10 May 2026

Knitting from an 1840s knitting book: A Cephaline / Sontag



A few weeks ago, I found a knitting book dated from 1846. The 180-year-old book is called My Knitting Book by Miss Lambert (first series), and contains 80 patterns for a range of accessories, stitch patterns and quilts. As a lover of old knitting patterns, I quickly decided to try making some of the things in this book. This pattern, the Cephaline or Sontag, was the first one that I attempted. Confusingly, a sontag is a historical garment, but it's a shawl or wrap that gained popularity in the 1860s. The bonnet that I made bears the same name, but I believe this predates the wrap by about 20 years. This pattern sits right underneath An Opera Cap, and uses the same border, making it possible that this was an elegant evening wear. As mentioned in The Art of Dressing Well (1870), "if a bonnet is worn, it must be of the lightest, airiest fabric and construction". Alas, I am no historian, so please do correct me if I am wrong.


So, how did the knititng go? Here are my notes about making the Cephaline / Sontag.


Needles

The original pattern calls for size 15 needles. According to my vintage Archers Bell needle gauge, the modern equivalent would be around 2.75mm needles. I used exactly that, and it seemed to be the perfect size for both the yarn and the project. 

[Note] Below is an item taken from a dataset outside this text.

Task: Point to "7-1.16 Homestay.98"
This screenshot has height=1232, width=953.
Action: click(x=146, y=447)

It's worth noting that whilst the Archers Bell gauge looks very similar to the Filière gauge tool in My Knitting Book, I don't have any true way to know if it uses the same or different sizings. I'll be using the gauge tool as a rough guide, but also considering the yarn weight and what seems most logical. 


Yarn choice

The pattern specifies German wool in white and up to 5 other colours. I decided that 4-ply or fingering-weight yarn would likely be the most appropriate, especially given the needle size. I chose Jamieson & Smith's 2-ply Jumper Weight for my project as I thought that a rustic yarn like that would be era-appropriate. I followed the pattern, using white yarn (shade 1) as a border, then alternated white stripes with 2 shades of green (141 & 65). The yarn was nice to work with, and the colour combination was subtle but elegant. Overall, I used less than a ball of each colour. 




Pattern

The pattern starts by asking you to follow the border instructions on the previous pattern, An Opera Cap. The border is later sewn down - I did consider folding the edge and knitting it together, but I decided to follow the pattern and sew it at the end, which was simple enough to do. 

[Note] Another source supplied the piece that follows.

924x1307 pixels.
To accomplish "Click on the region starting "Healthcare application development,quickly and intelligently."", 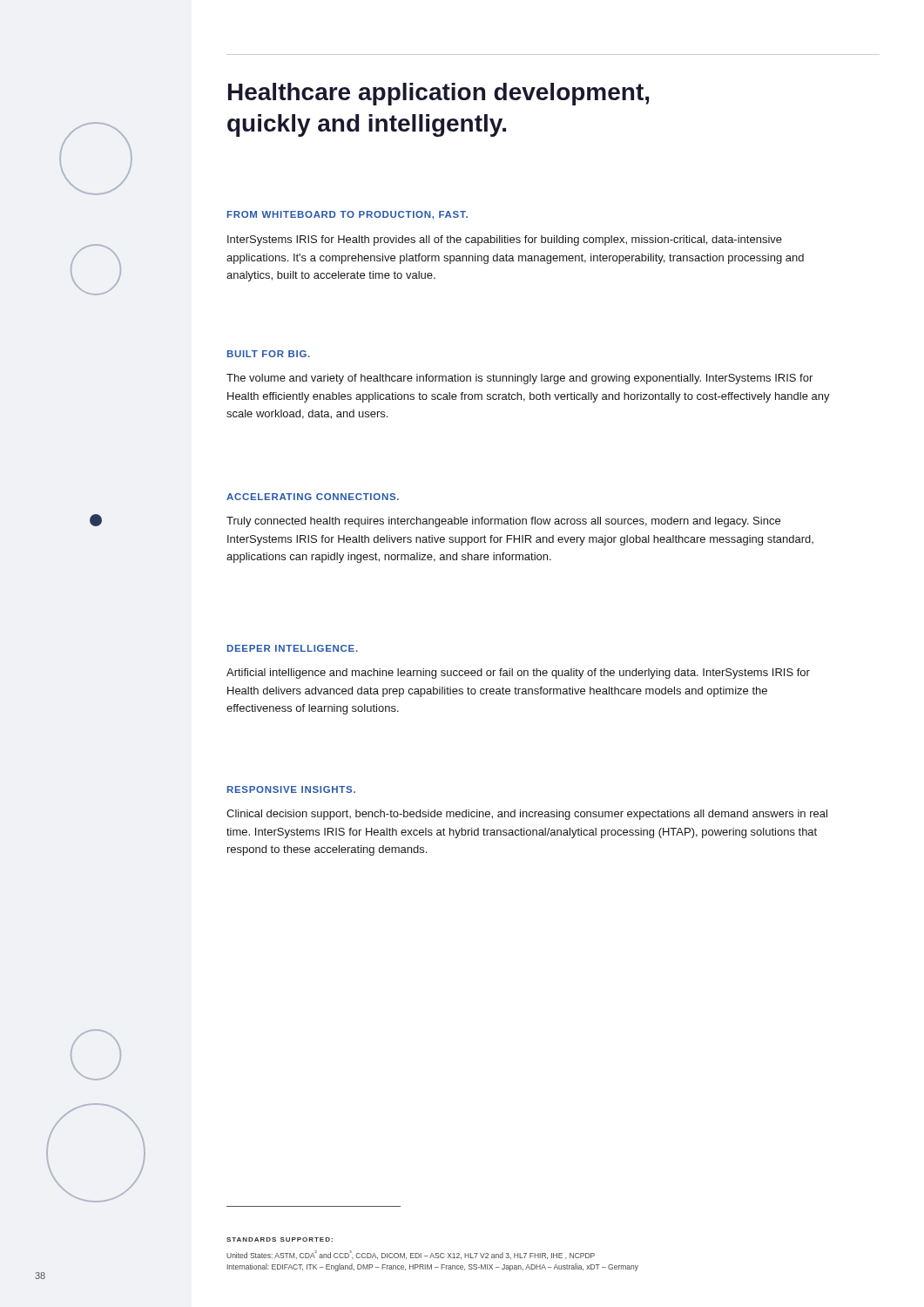I will [x=439, y=108].

The stitch pattern was easy to follow, although the decreases needed to be thought out. Given the number of rows (44) and the number of stitches to decrease (30), I calculated that a decrease should be worked at the start of every 2 in 3 rows. I charted this out on Stitchfiddle alongside the stripe colour I needed, and whether it was a knit/purl row. I worked the decrease into the pattern, knitting the first 2 stitches together and then continuing as per the normal instructions. The decreases themselves were easy enough to make, but I did accidentally add some stitches. I yarned over towards the end of the previous row without offsetting it with a k2tog, which ultimately resulted in too few decreases followed by some serious frogging. 

The main pattern repeat asked you to YO, k2tog and then k1. To make sure the stitch pattern lined up in the same place each row, I made sure that my K1 stitch (or P1 on the wrong side) was made in the YO stitch from the previous row. This resulted in neatly stacked columns of stitches with more lacey, open eyelets either side. I also alternated colour every 2 rows. I wonder if the pattern would look different if you placed your k1 in a different place

At the end of the pattern, it asks you to repeat the border. I chose to knit this in reverse as this seemed the most logical. To finish, I sewed the border and added a satin ribbon in the shade hunter. This was harder to sew on - I folded over the end and then sewed the ribbon to prevent fraying, and then sealed the other end of the ribbon with a lighter. 

Final thoughts

The sontag/cephaline pattern was easy and very quick to make. I will admit that the decreases are harder than you might think - not in their making, but rather in the keeping track of when to incude them. The lace stitch is very pretty and also looks nice both ways, making the bonnet easily reversible. It might not be the most practical garment for the 21st century (I was very shy taking photos in it outside), but it's a lovely piece that is great for historical dress. I'd love to see what it'd look like in the traditional 5 colours.